▶ **Task details**
Line by line, set down the records below from the first line through the line containing "text – In de". Omit the pictures.

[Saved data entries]
:::::
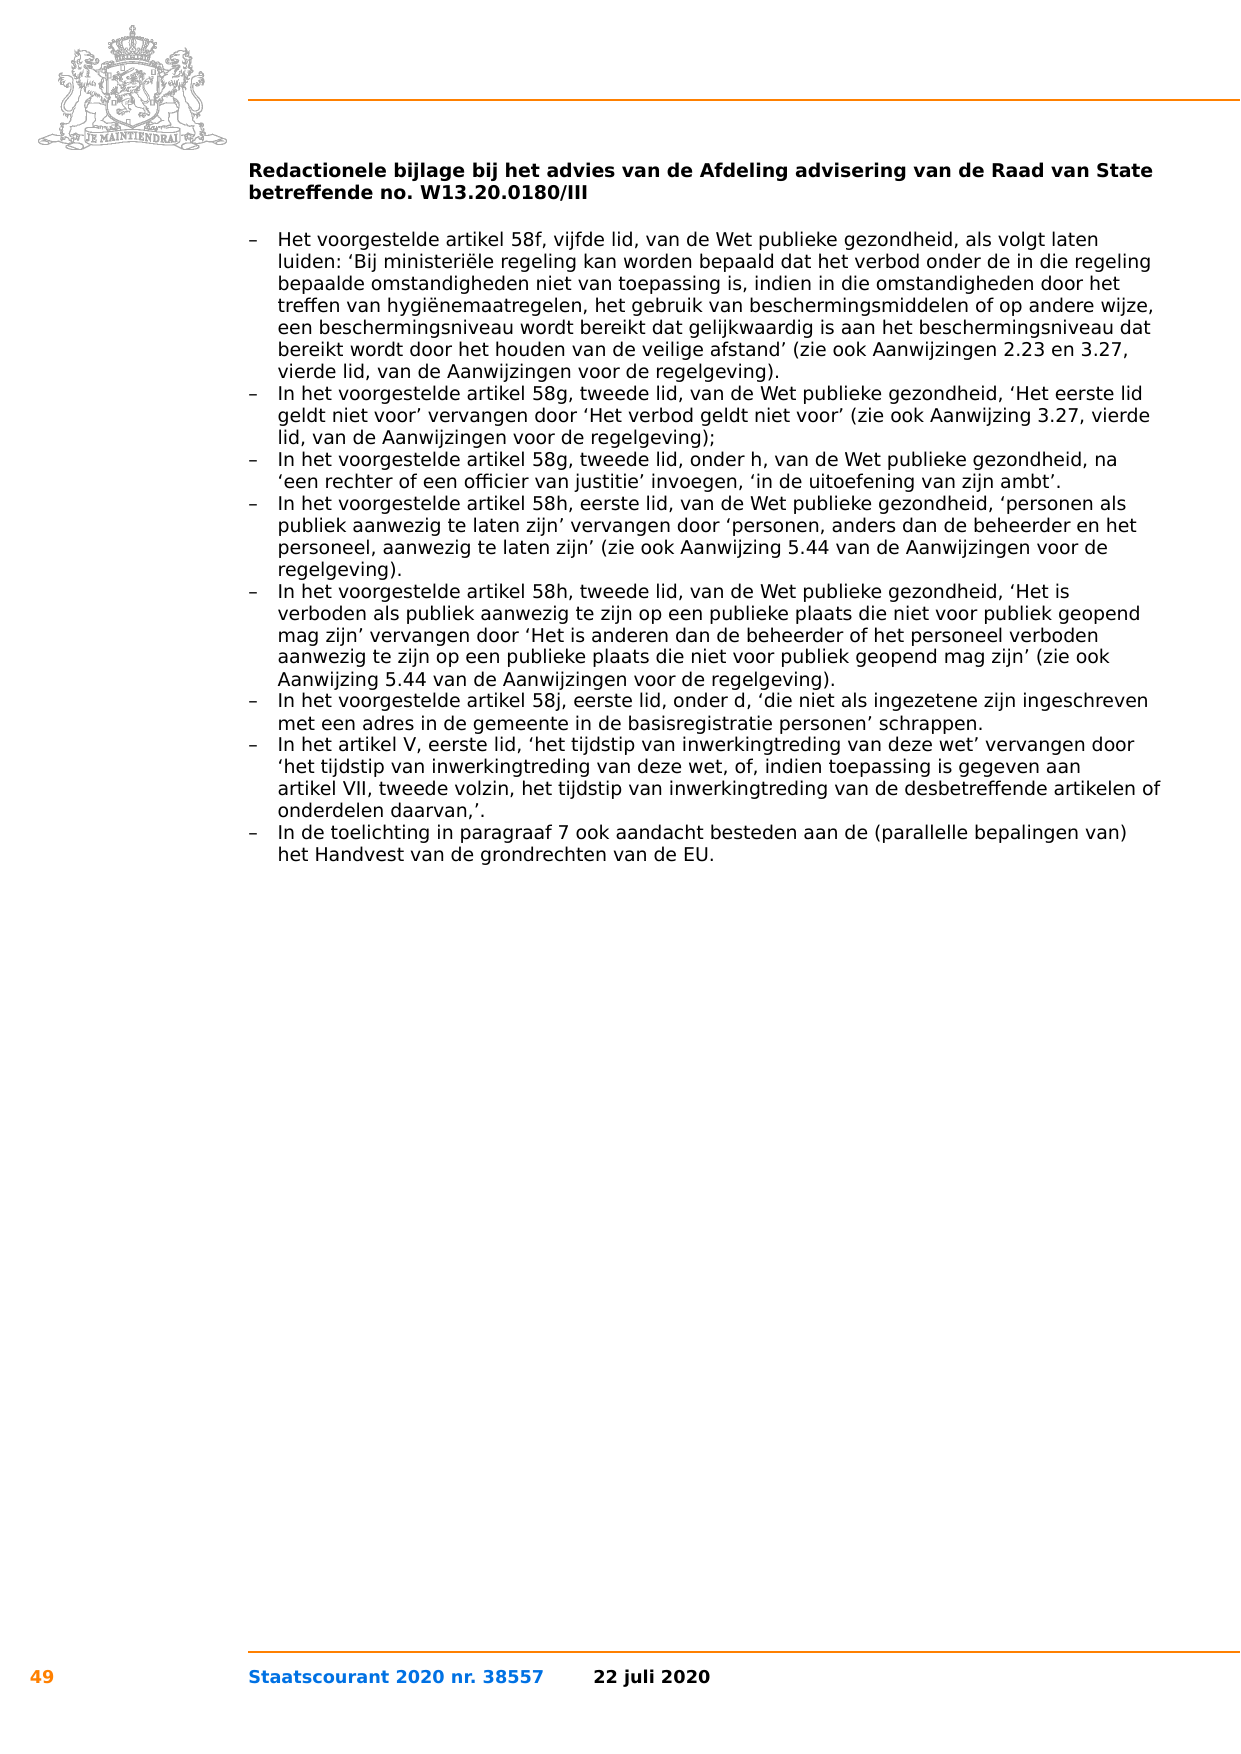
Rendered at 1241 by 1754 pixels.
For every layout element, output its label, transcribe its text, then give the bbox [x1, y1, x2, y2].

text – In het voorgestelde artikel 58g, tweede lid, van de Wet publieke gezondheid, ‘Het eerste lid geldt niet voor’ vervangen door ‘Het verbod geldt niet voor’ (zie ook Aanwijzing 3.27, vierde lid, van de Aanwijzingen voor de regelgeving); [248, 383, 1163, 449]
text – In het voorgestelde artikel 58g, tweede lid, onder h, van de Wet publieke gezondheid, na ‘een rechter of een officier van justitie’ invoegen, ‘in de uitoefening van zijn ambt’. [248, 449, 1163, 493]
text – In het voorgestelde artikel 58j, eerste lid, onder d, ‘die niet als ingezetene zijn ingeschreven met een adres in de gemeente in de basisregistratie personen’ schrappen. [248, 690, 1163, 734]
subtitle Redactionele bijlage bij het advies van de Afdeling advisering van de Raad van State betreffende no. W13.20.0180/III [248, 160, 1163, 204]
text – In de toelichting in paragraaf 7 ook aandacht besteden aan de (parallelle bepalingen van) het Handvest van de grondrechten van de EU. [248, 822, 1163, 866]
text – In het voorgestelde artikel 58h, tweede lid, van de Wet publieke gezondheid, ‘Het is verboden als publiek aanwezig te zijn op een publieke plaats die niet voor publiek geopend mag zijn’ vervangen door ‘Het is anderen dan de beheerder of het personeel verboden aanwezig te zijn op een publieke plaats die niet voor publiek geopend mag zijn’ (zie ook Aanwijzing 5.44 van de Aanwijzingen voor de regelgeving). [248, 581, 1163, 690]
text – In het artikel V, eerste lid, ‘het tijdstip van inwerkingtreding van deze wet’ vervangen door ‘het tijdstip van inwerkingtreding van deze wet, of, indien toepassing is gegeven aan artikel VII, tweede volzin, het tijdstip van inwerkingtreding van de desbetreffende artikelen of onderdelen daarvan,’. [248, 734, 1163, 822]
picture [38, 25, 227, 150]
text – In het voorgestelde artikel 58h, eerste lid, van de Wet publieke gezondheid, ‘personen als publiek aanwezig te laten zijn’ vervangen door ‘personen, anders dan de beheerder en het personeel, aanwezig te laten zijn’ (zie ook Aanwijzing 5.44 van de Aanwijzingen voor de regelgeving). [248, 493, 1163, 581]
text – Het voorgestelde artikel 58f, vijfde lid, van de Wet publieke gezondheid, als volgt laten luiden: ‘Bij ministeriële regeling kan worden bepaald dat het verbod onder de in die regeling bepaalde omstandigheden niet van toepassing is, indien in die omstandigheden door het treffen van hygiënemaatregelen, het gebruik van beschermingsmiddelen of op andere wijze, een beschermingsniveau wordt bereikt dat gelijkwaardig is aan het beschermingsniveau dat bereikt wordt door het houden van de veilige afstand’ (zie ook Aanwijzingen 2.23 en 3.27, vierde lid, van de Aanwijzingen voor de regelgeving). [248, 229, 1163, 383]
:::::
▶ **Answer**
Rendered at 1241 by 1754 pixels.
For every layout element, output its label, transcribe its text, then give the bbox [x1, y1, x2, y2].

text – In het voorgestelde artikel 58g, tweede lid, van de Wet publieke gezondheid, ‘Het eerste lid geldt niet voor’ vervangen door ‘Het verbod geldt niet voor’ (zie ook Aanwijzing 3.27, vierde lid, van de Aanwijzingen voor de regelgeving); [248, 383, 1163, 449]
text – In het voorgestelde artikel 58g, tweede lid, onder h, van de Wet publieke gezondheid, na ‘een rechter of een officier van justitie’ invoegen, ‘in de uitoefening van zijn ambt’. [248, 449, 1163, 493]
text – In het voorgestelde artikel 58j, eerste lid, onder d, ‘die niet als ingezetene zijn ingeschreven met een adres in de gemeente in de basisregistratie personen’ schrappen. [248, 690, 1163, 734]
subtitle Redactionele bijlage bij het advies van de Afdeling advisering van de Raad van State betreffende no. W13.20.0180/III [248, 160, 1163, 204]
text – In de toelichting in paragraaf 7 ook aandacht besteden aan de (parallelle bepalingen van) het Handvest van de grondrechten van de EU. [248, 822, 1163, 866]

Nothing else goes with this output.